Much of the United States’ winter produce is grown in one economically depressed desert county in California with a century-long agricultural history, where a multi-billion dollar lithium mining industry looms on the horizon. Will Imperial Valley agriculture survive?

Drive southbound from Joshua Tree on the 111 and find, to your right, the Salton Sea, the behemoth salt lake. Hydrogen sulfide gas clouds the far rim, vanishing point obliviated. To your left, the Chocolate Mountains appear like a shadow above the desert’s boundless microwave. Gold mines with names like American Girl and Picacho once attracted hotshot prospectors; today, the Chemgold corporation owns the latter, and the former is defunct. Now, these ranges host Marines from Yuma who come to practice their aim. Driving the 35-mile lakefront on the hottest day in August, the daytime temperature registers 118℉. In the pitch of night, respite is 100℉. With the air conditioning turned up, the interior of my windshield burns my hand. On this single-lane highway, there are no floodlights and few exits; on the left bank’s similar Highway 86, neon bright gas stations serve as de facto beacons.

You’d be forgiven for not believing that you are on your way to some of the most productive farmland in the world. Almost all the produce Americans eat in the winter — and much of the alfalfa and Bermuda grass that is baled and fed to cows across the country — grow on Imperial County’s’s 425,000 irrigable acres, where water is available on demand. On this drive, maybe it would also surprise you to know that you’d likely just passed enough untapped lithium to provide the requisite battery materials for every single person in the United States to own an electric vehicle.

Though the Imperial Valley is one of the biggest producers in the American food supply chain and is poised to alter the global trade of lithium, it also has some of the highest unemployment rates in the country. And it’s likely many Americans have never heard of it. “I would say absolutely that this area is unknown. Whenever I try to explain where it’s at, I say, well, it’s kind of by San Diego, kind of by Palm Springs, kind of by Yuma,” says Tyler Brinkerhoff, Imperial Valley historian. “And people are like, so Salvation Mountain? Well, you’re getting close.”
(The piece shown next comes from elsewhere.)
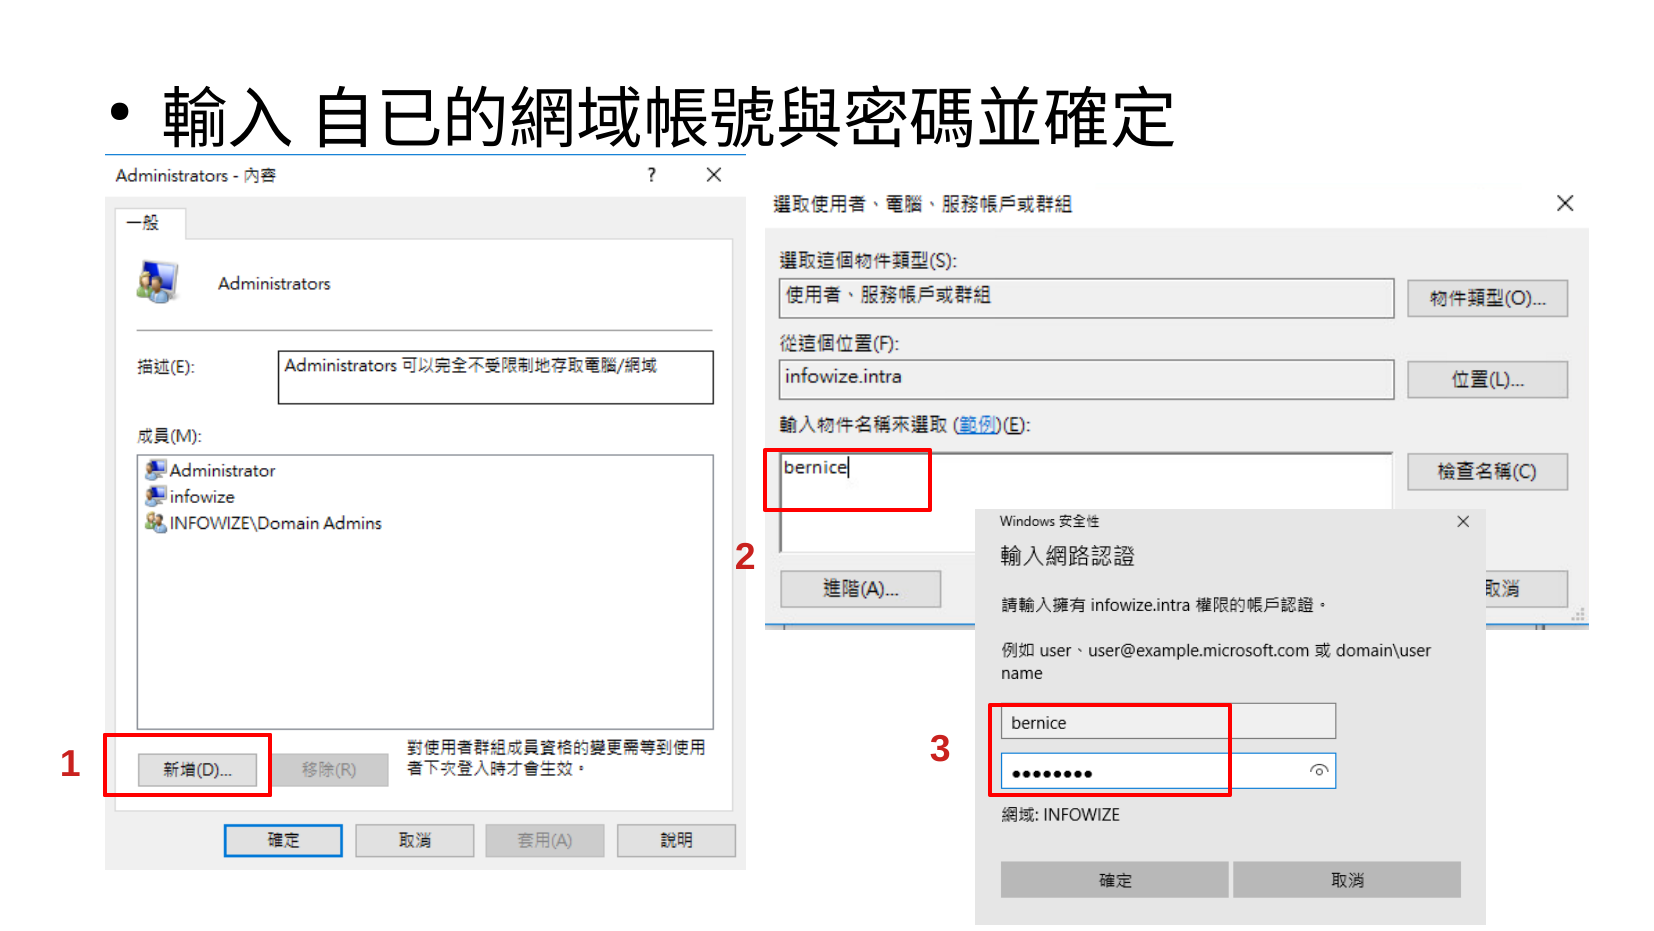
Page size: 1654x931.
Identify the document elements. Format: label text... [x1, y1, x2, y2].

One Hundred Years of Farming the Desert

This perennially warm section of the Yuha and Colorado Deserts — and its position below sea level and downstream of the Colorado River — lent itself to becoming a suitable American winter breadbasket in the early 1900s. That’s when the Imperial Land Company encouraged global settlers to immigrate to the valley and stake a claim on the richly productive land. Before capital development, the river would flood and dry unpredictably, challenging the new farming community.

But in 1928, the Boulder Canyon Project Act both built the Hoover Dam and the All-American Canal, an 82-mile-long aqueduct that stretches from the Colorado River, which delineates Arizona and California, all the way to Imperial County. The resultant engineering allows a farmer today to order water in the afternoon and have it flow to their fields via the irrigation ditches that line the square plots of field the next day.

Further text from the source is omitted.